Mit der rot-grünen Mehrheit von sechs Stimme wurde die Streichung abgewendet. So war es auch beim Skateland. „Es gibt viele schöne Ideen, die man sich ausdenken kann. Aber man kann nicht versprechen, was wir nicht bezahlen können“, so Rädisch. Er sei enttäuscht, dass Rot-Grün wenig Bereitschaft zeige, über solche Projekte zu verhandeln.

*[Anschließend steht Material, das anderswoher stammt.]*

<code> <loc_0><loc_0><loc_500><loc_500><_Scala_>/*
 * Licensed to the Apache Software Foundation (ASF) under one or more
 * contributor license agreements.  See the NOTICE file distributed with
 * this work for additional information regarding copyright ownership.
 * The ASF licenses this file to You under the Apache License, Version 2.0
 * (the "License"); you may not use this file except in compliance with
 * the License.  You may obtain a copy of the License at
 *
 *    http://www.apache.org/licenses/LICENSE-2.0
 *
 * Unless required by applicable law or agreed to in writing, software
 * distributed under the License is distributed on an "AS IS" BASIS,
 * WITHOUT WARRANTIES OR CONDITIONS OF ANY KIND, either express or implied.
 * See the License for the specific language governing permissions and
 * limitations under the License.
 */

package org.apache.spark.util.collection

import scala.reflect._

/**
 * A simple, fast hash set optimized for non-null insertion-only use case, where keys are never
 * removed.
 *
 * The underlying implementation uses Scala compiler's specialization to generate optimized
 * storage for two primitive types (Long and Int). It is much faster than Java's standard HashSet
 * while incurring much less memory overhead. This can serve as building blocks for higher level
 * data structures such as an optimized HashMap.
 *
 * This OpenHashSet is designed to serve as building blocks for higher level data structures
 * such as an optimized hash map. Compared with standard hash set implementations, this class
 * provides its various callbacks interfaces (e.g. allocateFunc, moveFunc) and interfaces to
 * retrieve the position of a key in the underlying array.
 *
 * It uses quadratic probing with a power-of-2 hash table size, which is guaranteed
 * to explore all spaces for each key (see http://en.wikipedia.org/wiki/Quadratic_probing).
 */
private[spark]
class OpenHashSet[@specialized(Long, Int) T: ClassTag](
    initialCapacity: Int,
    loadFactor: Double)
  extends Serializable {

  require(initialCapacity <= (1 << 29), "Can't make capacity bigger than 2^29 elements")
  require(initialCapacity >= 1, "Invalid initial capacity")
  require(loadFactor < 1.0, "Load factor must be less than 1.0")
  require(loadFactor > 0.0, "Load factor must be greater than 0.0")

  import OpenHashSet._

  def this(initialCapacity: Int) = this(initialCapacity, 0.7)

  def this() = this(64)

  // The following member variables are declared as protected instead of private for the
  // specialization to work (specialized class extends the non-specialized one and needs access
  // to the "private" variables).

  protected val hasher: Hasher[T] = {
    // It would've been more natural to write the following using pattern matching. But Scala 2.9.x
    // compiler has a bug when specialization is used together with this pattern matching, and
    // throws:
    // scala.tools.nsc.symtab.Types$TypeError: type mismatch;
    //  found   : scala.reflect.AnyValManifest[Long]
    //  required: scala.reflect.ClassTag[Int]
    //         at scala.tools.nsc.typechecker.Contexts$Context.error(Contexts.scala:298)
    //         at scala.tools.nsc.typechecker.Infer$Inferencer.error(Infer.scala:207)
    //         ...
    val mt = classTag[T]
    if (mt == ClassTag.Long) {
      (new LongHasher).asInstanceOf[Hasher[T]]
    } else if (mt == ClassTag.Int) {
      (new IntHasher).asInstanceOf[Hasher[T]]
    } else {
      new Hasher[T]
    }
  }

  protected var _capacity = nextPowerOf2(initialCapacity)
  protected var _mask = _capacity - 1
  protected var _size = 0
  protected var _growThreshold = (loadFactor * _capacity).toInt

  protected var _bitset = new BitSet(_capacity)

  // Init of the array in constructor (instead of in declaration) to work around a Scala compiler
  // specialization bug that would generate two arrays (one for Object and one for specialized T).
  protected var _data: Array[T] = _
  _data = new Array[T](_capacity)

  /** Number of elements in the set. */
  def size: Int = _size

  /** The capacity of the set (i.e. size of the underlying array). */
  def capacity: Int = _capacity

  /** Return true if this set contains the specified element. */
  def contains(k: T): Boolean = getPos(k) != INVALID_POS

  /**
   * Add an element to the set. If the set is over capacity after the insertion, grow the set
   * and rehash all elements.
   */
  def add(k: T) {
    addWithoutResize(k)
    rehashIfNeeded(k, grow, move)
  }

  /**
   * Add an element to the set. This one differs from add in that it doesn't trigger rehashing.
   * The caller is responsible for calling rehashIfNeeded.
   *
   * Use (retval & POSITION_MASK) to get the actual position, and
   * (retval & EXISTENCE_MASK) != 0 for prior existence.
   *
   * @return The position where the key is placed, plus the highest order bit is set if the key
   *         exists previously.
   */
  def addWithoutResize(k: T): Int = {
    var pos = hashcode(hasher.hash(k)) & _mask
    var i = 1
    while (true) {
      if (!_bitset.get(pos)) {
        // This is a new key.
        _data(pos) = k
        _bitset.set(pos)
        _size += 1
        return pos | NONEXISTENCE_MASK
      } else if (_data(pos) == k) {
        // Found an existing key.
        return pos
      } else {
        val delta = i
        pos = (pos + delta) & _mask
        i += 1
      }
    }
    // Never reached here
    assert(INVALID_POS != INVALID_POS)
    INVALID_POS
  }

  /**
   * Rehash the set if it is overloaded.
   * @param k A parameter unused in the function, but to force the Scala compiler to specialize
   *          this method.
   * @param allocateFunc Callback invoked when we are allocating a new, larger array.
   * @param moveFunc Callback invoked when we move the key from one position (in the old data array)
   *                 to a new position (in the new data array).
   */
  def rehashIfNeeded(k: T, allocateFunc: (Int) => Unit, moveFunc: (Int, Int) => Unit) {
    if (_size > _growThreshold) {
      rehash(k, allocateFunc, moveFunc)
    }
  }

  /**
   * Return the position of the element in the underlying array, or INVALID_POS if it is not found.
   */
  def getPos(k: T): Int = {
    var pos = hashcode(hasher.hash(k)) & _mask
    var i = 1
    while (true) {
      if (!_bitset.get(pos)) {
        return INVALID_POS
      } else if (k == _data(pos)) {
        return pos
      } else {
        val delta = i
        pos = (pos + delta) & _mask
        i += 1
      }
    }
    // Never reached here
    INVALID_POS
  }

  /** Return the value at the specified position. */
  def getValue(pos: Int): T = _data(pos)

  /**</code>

Verschoben wurde hingegen die energetische und brandschutztechnische Renovierung an der Theodor-Storm-Schule. 800 000 Euro werden so eingespart. „Wir müssen echt aufpassen, dass wir nicht in sensiblen Bereichen streichen. Ich möchte nicht, dass die Stimmung kippt und die Leute kommen und sagen, dass ihre Kinder in sanierungsbedürftigen Räumen unterrichtet werden, weil wir Unterkünfte für Flüchtlinge bauen. Dieser falsche Eindruck darf nicht entstehen“, mahnte die Ausschussvorsitzende Maria Herrmann (SPD). „Wenn die ganze Situation sich weiter so entwickelt, wird es aber ganz genau so kommen. Das sollte man auch nicht verheimlichen“, sagte Rädisch.

Die Theodor-Storm-Schule könnte es auch noch ein zweites Mal in Sachen Verschiebung von Vorhaben erwischen. Die Sanierung des Schulhofes soll eventuell verschoben werden. Dieses Thema wurde aber an den Bildungs-, Sozial- und Kulturausschuss ohne Empfehlung abgegeben.

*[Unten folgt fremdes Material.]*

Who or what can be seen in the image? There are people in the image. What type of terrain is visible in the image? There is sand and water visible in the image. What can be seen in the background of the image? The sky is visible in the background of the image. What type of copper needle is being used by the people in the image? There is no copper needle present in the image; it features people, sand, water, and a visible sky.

Definitiv verschoben wird aus den Spargründen die Erneuerung der Beschallungsanlage in der Stormarnhalle. „Die fällt regelmäßig aus, aber zur Not gibt es dann wohl erstmal Megaphone“, kommentierte Bürgermeister Tassilo von Bary. Ersparnis: 75  000 Euro.

Verschoben werden auch „Kunst am Bau Projekte“ für 97  200 Euro.

Die Gastronomie in der Festhalle wird hingegen nach kurzer Diskussion doch renoviert werden für 22  000 Euro.

Aber: Neu aufgenommen mit rot-grüner Mehrheit wurden auf Antrag der Grünen, die Anschaffung von „insektenfreundlichen LED-Lampen“ in den Baum- und Vogelstraßen für 250  000 Euro, die Anschaffung von Fahrradständerbügeln für 10 000 Euro in der Innenstadt und ein Gutachten zur energetischen Sanierung des Waldorfkindergartens für 50  000 Euro.